Accident-Tolerant Barriers for Fuel Road Cladding of CANDU Nuclear Reactor

Abstract

The nuclear industry is focusing some efforts on increasing the operational safety of current nuclear reactors and improving the safety of future types of reactors. In this context, the paper is focused on testing and evaluating the corrosion behavior of a thin chromium coating, deposited by Electron Beam Physical Vapor Deposition on Zy-4. After autoclaving under primary circuit conditions, the Cr-coated Zy-4 samples were characterized by gravimetric analysis, optical microscopy, SEM with EDX, and XRD. The investigation of the corrosion behavior was carried out by applying three electrochemical methods: potentiodynamic measurements, EIS, and OCP variation.
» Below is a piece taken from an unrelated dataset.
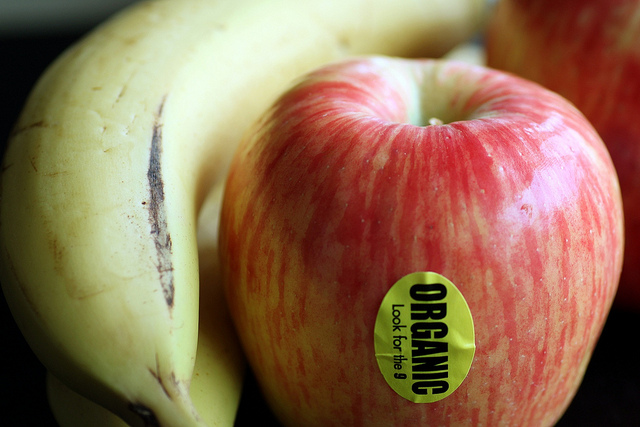Identify the text contained in this image. ORGANIC Look for the 6

A plateau appears on the weight gain evolution, and the oxidation kinetics generate a cubic oxidation law, both of which indicate a stabilization of the corrosion. By optical microscopy, it was observed a relatively uniform distribution of hydrides along the samples, in the horizontal direction. By SEM investigations it was observed that after the autoclaving period, the coatings with thickness from 2 to 3 µm are still adherent and maintain integrity. The XRD diffractograms showed a high degree of crystallinity with the intensity of chromium peaks higher than the intensity of zirconium peaks. Electrochemical results indicate better corrosion behavior after 3024 h of autoclaving.